И спросил Михаила Петровича:

— Кому-нибудь говорили здесь, что идете… проверять Кука?

— Разве только нашему посланнику. Говорят же: “Не хвались на рать идучи”. Англичане позже узнают, Василий Михайлович, о нашем пути. А впрочем, в секрете не держим!

— А если бы знали, куда идете, как думаете, помогли бы или оскорбились? — рассуждал вслух Головнин. — Будь не мы, а французы, — от преждевременной славы некуда было бы деться. На берегу толпились бы монахи и купцы, провожая их. Ну, а русские собственной доблести не привыкли удивляться.

— А почему вы монахов и купцов помянули, Василий Михайлович?

— Монахи, видите ли, Михаил Петрович, в случае неудачи экспедиции, скажут, что церковь своего благословения не давала и этим попытаются укрепить веру в божественное провидение. Ну, а купцы, те из корысти…

ГЛАВА ДВЕНАДЦАТАЯ

Англия — страна почт и экипажей. Это мнение о ней путешественников нельзя не разделить. Беллинсгаузена веселил вид фуры, запряженной четырнадцатью лошадьми. Казалось, передвигали дом и улица расширялась по мере того, как уходила фура. Безотчетно веселил важностью своей и почтальон в цилиндре, колокольчиком извещавший о своем появлении. К нему несли письма, и он, церемонно раскланиваясь, опускал их в громадную, висевшую у него на боку сумку.

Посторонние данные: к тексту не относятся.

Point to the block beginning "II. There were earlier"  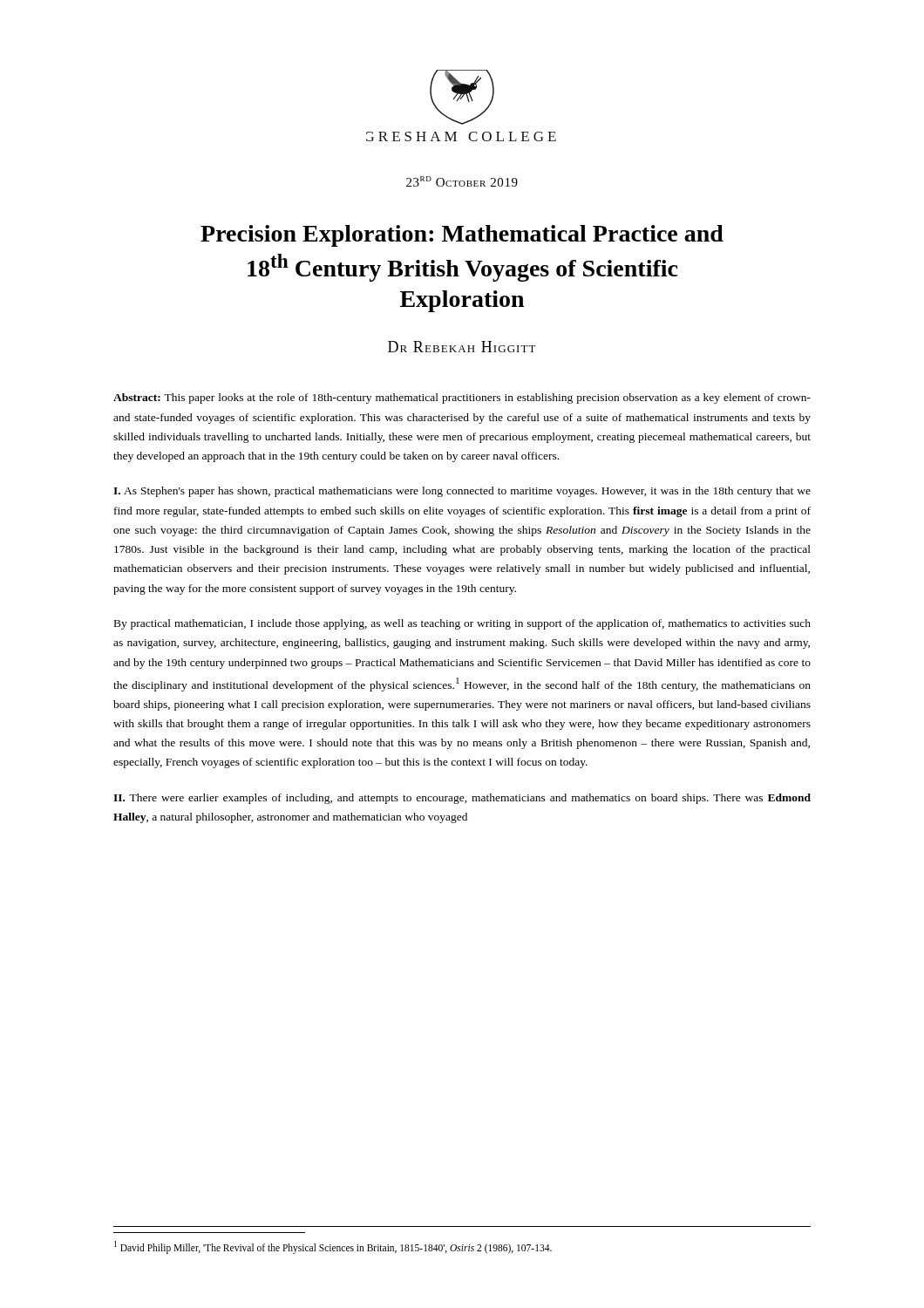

Моряки хотели побывать в Гринвичском инвалидном доме, в Британском музее и в “Водяном театре”, единственном в своем роде, где подмостки и сцену заменял большой бассейн и где разыгрывали трафальгарское сражение, войны с пиратами и открытия новых земель. Действие таких пьес тянулось по четыре часа, корабль попадал в штормы, терпел крушения и вновь оказывался на нежно-голубой, одного цвета с небом, бирюзовой глади. Несколько пловцов, “артистов бурь”, ныряя создавали подобие смерча, дергали вниз легкий, из тонких досок сооруженный корабль, они же попеременно представляли лоцманов и горделиво-спокойного капитана на мостике. И здесь “искали шестой материк”, поминали Кука и утешались выловленным где-то за мысом Горн, у южной оконечности Америки, таинственным сундуком, в котором хранились дневники неизвестного погибшего капитана. Головнин утверждал, что в “Водяном театре”, или, как называли его здесь, в театре “Садлены колодцы”, всегда полно зрителей, среди которых много бывших моряков и сам король нищих, лицо в городе именитое и властное в своей среде не менее, чем полиция.

Однако в этот день театр был закрыт, и Головнин привел своих спутников в Дрюриленский театр, где играл знаменитый артист Гаррик. Он недавно умер. Сейчас здесь ставили русскую оперу “Наренский”, или “Дорога в Ярославль”. Они увидели на сцене влюбленную чету из простонародья, осчастливленную неким молодым рекрутом, который пошел в солдаты вместо своего брата, увидели предсказательницу — хмурую цыганку с трубкой во рту, разгульного ямщика, нелепо орущего песни, деревенского старосту в парике, одетого под бургомистра, и возле пошатнувшейся избенки сосну рядом с пальмой. Именно эта пальма довершала несуразность всей постановки и свидетельствовала о дурном знании российского климата.

Михаил Петрович, потупясь, будто стыдясь, глядел на эту пальму и уже не слушал, о чем говорили на сцене. Не досмотрев пьесу, русские моряки вышли и, наняв фиакр, отправились в Британский музей. Они попали туда к закрытию. Голубоглазый седенький старичок в мундире, этакий сказочный хранитель кладов, провел их в залы, отведенные Куку. Здесь было все: от тростей и башмаков Кука, от его морских коллекций до страусовых яиц, якобы собранных им на землях дикарей, и отлично набитых чучел зверей и птиц. Были и рисунки, изображавшие плаванье Кука в поисках южного материка, но ни одного слова о Форстере, как и вообще о его спутниках.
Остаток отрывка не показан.